Typically, there are three nodes are required to run Slurm. 1 Manage(Mgr), 1 Auth and N Compute(Cmp). but you can choose to install all service in single node. check

Prequisites

1. change hostname (All)

   hostnamectl set-hostname (manager|auth|computeXX)

2. modify /etc/hosts (All)

   echo "192.aa.bb.cc (manager|auth|computeXX)" >> /etc/hosts

3. disable firewall, selinux, dnsmasq, swap (All). more detail here
4. NFS Server (Mgr). NFS is used as the default file system for the Slurm accounting database.
5. [NFS Client] (All). all node should mount the NFS share
   Install NFS Client

   mount <$nfs_server>:/data /data -o proto=tcp -o nolock

6. Munge (All). The auth/munge plugin will be built if the MUNGE authentication development library is installed. MUNGE is used as the default authentication mechanism.
   Install Munge

   All node need to have the munge user and group.

   groupadd -g 1108 munge
   useradd -m -c "Munge Uid 'N' Gid Emporium" -d /var/lib/munge -u 1108 -g munge -s /sbin/nologin munge

   yum install epel-release -y
   yum install munge munge-libs munge-devel -y

   Create global secret key

   /usr/sbin/create-munge-key -r
   dd if=/dev/urandom bs=1 count=1024 > /etc/munge/munge.key

   sync secret to the rest of nodes

   scp -p /etc/munge/munge.key root@<$rest_node>:/etc/munge/

   ssh root@<$rest_node> "chown munge: /etc/munge/munge.key && chmod 400 /etc/munge/munge.key"
   ssh root@<$rest_node> "systemctl start munge && systemctl enable munge"

   test munge if it works

   munge -n | unmunge

7. Database (Mgr). MySQL support for accounting will be built if the MySQL or MariaDB development library is present.
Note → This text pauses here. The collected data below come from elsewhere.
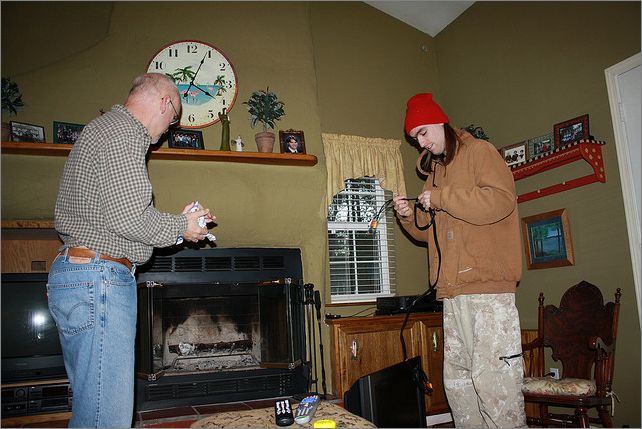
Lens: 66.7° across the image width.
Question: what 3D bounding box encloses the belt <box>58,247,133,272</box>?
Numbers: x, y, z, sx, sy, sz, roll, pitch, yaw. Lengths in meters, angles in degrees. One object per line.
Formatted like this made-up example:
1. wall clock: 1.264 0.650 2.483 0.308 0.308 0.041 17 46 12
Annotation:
1. belt: -1.246 0.236 2.719 0.344 0.103 0.086 3 -10 -20

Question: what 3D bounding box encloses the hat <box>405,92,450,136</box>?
1. hat: 0.726 -0.738 3.549 0.315 0.285 0.243 -19 8 3

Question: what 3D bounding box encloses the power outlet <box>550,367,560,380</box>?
1. power outlet: 2.070 1.413 4.349 0.032 0.120 0.118 20 -19 -41

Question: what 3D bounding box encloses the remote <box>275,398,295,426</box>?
1. remote: -0.217 1.176 2.882 0.106 0.116 0.176 1 -10 -6

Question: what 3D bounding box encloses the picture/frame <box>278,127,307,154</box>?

A currently supported version of MySQL or MariaDB should be used.
   Install MariaDB

   install mariadb

   yum -y install mariadb-server
   systemctl start mariadb && systemctl enable mariadb
   ROOT_PASS=$(tr -dc A-Za-z0-9 </dev/urandom | head -c 16) 
   mysql -e "CREATE USER root IDENTIFIED BY '${ROOT_PASS}'"

   login mysql

   mysql -u root -p${ROOT_PASS}
   create database slurm_acct_db;
   create user slurm;
   grant all on slurm_acct_db.* TO 'slurm'@'localhost' identified by '123456' with grant option;
   flush privileges;
   quit

   Install Mysql [Optional]

   asdadadasasda

Install Slurm

1. create slurm user (All)

   groupadd -g 1109 slurm
   useradd -m -c "slurm manager" -d /var/lib/slurm -u 1109 -g slurm -s /bin/bash slurm

2. send configuration (Mgr)

    scp -r /etc/slurm/*.conf  root@<$rest_node>:/etc/slurm/
    ssh rootroot@<$rest_node> "mkdir /var/spool/slurmd && chown slurm: /var/spool/slurmd"
    ssh rootroot@<$rest_node> "mkdir /var/log/slurm && chown slurm: /var/log/slurm"
    ssh rootroot@<$rest_node> "mkdir /var/spool/slurmctld && chown slurm: /var/spool/slurmctld"

3. start service (Mgr)

   ssh rootroot@<$rest_node> "systemctl start slurmdbd && systemctl enable slurmdbd"
   ssh rootroot@<$rest_node> "systemctl start slurmctld && systemctl enable slurmctld"

4. start service (All)

   ssh rootroot@<$rest_node> "systemctl start slurmd && systemctl enable slurmd"

Test

1. show cluster status

scontrol show config

sinfo
scontrol show partition
scontrol show node

2. submit job

srun -N2 hostname
scontrol show jobs

3. check job status

squeue -a

Reference:

1. https://slurm.schedmd.com/documentation.html
2. https://wiki.fysik.dtu.dk/Niflheim_system/Slurm_installation/
3. https://github.com/Artlands/Install-Slurm

Common Environment Variables

A full list of environment variables for SLURM can be found by visiting the SLURM page on environment variables.

File Operations

File Distribution

• sbcast is used to transfer a file from local disk to local disk on the nodes allocated to a job. This can be used to effectively use diskless compute nodes or provide improved performance relative to a shared file system.
  • Feature
    1. distribute file：Quickly copy files to all compute nodes assigned to the job, avoiding the hassle of manually distributing files. Faster than traditional scp or rsync, especially when distributing to multiple nodes。
    2. simplify script：one command to distribute files to all nodes assigned to the job。
    3. imrpove performance：Improve file distribution speed by parallelizing transfers, especially for large or multiple files。
  • Usage
    1. Alone

    sbcast <source_file> <destination_path>

    2. Embedded in a job script

    #!/bin/bash
    #SBATCH --job-name=example_job
    #SBATCH --output=example_job.out
    #SBATCH --error=example_job.err
    #SBATCH --partition=compute
    #SBATCH --nodes=4
    
    # Use sbcast to distribute the file to the /tmp directory of each node
    sbcast data.txt /tmp/data.txt
    
    # Run your program using the distributed files
    srun my_program /tmp/data.txt

File Collection

1. File Redirection When submitting a job, you can use the #SBATCH –output and #SBATCH –error directives to redirect standard output and standard error to specified files.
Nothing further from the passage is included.